Costs more than seats for Office 365, Salesforce and many productivity tools. I don't see management gleefully running to give access to whole departments. But then again, if you could drop headcount by just 1 on a team by giving it to the rest, you probably come out ahead.
The problem with all of these is that SOTA models keep changing. I thought about getting OpenAI's Pro subscription, and then Gemini flew ahead and was free. If I get this then sooner or later OpenAI or Anthropic will be back on top.
I wonder if there's an opportunity here to abstract away these subscription costs and offer a consistent interface and experience?
For example - what if someone were to start a company around a fork of LiteLLM? https://litellm.ai/
LiteLLM, out of the box, lets you create a number of virtual API keys. Each key can be assigned to a user or a team, and can be granted access to one or more models (and their associated keys). Models are configured globally, but can have an arbitrary number of "real" and "virtual" keys.
Then you could sell access to a host of primary providers - OpenAI, Google, Anthropic, Groq, Grok, etc. - through a single API endpoint and key. Users could switch between them by changing a line in a config file or choosing a model from a dropdown, depending on their interface.

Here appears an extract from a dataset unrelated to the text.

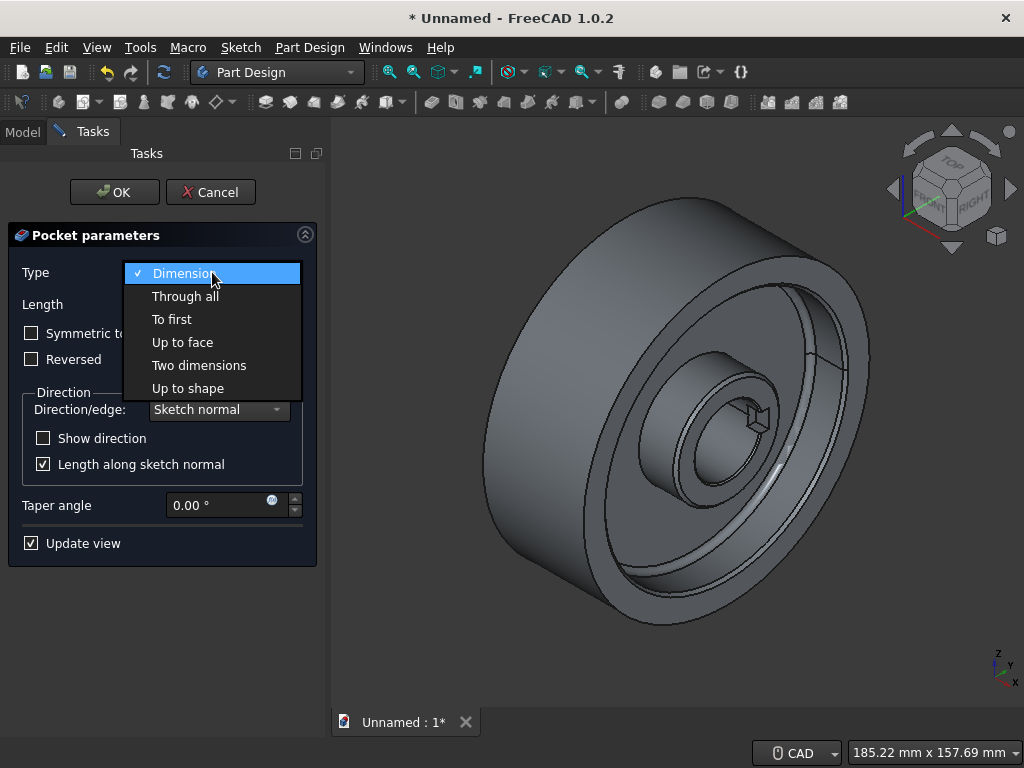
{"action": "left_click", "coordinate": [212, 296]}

Assuming you're able to build a reasonable userbase, presumably you could then contract directly with providers for wholesale API usage. Pricing would be tricky, as part of your value prop would be abstracting away marginal costs, but I strongly suspect that very few people are actually consuming the full API quotas on these $200+ plans. Those that are are likely to be working directly with the providers to reduce both cost and latency, too.

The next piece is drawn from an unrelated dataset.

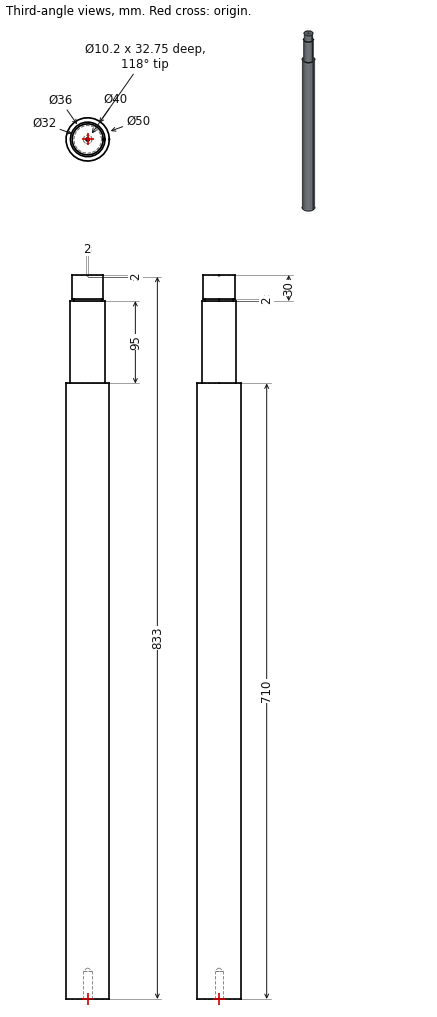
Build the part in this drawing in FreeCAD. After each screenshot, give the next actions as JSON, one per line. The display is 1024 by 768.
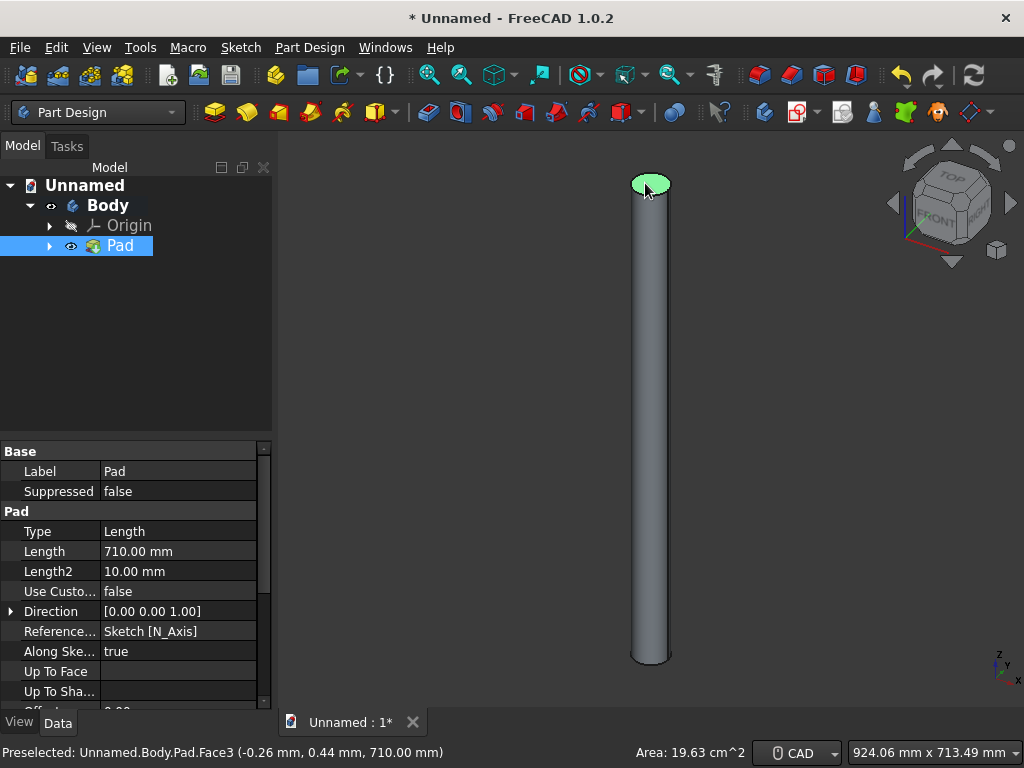
{"action": "left_click", "coordinate": [798, 112]}

The other value you could offer is consistency. Your engineering team's core mission would be providing a consistent wrapper for all of these models - translating between OpenAI-compatible, Llama-style, and Claude-style APIs on the fly.
Is there already a company doing this? If not, do you think this is a good or bad idea?
I think the biggest hurdle would be complying with the TOS. Imagine that OpenAI etc would not be a fan of sharing quotas across individuals in this way
The Gemini 2.5 Pro 05/06 release by Google’s own reported benchmarks was worse in 10/12 cases than the 3/25 version. Google re routed all traffic for the 3/25 checkpoint to the 05/06 version in the API.
I’m also unsure who needs all of these expanded quotas because the old Gemini subscription had higher quotas than I could ever anticipate using.
You can just surf between Gemini, DeepSeek, Qwen, etc. using them for free. I can't see paying for any AI subscription at this point as the free models out there are quite good and are updated every few months (at least).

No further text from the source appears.